As always this is just me exploring the data that is available. I am trying to make sense of the data and be able to remember the information.

I am exploring using a map to display college enrollment data for Anne Arundel County. Unfortunately, I only have a shapefile that includes Crofton HS, which is a new school, so the boundaries do not reflect the boundaries at the time. The are other specialized high schools in the county that are not reflected in the data. Since I haven’t done mapping in a while I had to remember how to upload the data, but I figured it out pretty quickly.

I am a sucker for outcome data by state.
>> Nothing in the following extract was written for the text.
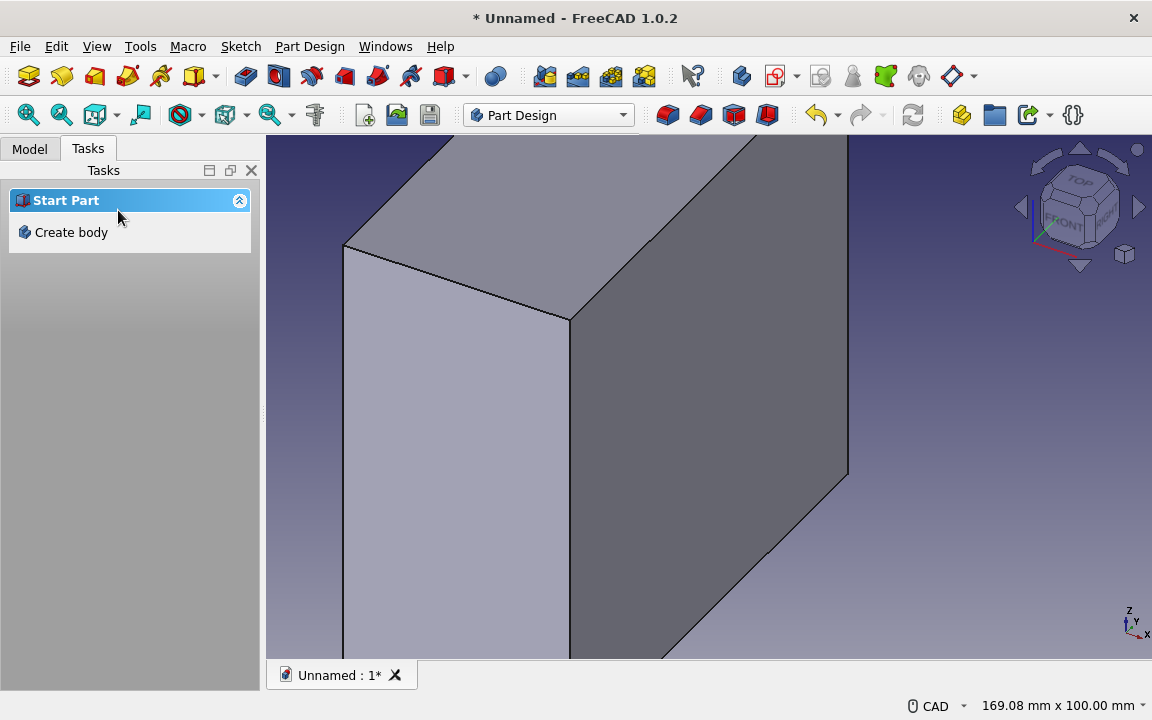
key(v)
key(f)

I like to take the data from these reports and graph the Maryland data.

This is primarily a blog about me exploring data visualization. I am having trouble flipping the order of the categories, I would like “completed at starting institution” to be on the bottom. I think that being able to easily control the order of the categories is very important. The order shown hides the percentage of students that have graduated from any institution.

I figured it out, but I had to reenter the data. I would also like to add national data on the same chart, but that does not seem to be an option anymore.
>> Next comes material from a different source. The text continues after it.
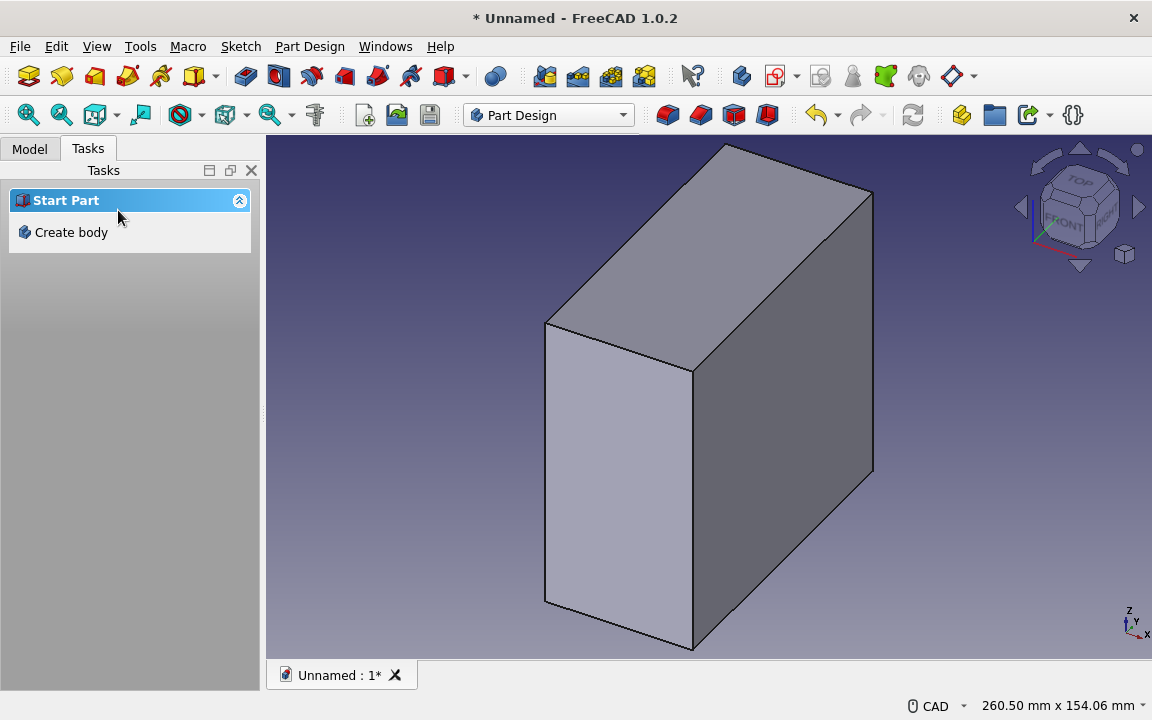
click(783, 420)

Apparently, I can add national data if I make a stacked bar chart, but not for a stacked column chart.

AmCharts has updated its library to version 5. AmCharts5 includes updates to their Venn diagram library. Since I love Venn diagrams I spent the morning figuring it out. I created the Venn diagram below to show HS completers. It took me a while to figure out the syntax. Overall I think I was mostly able to make it do what I wanted to do. However, I since haven’t figured out how to put a category entirely in another category. For example, I would like a big circle with all HS completers that includes HS graduates and HS certificate students.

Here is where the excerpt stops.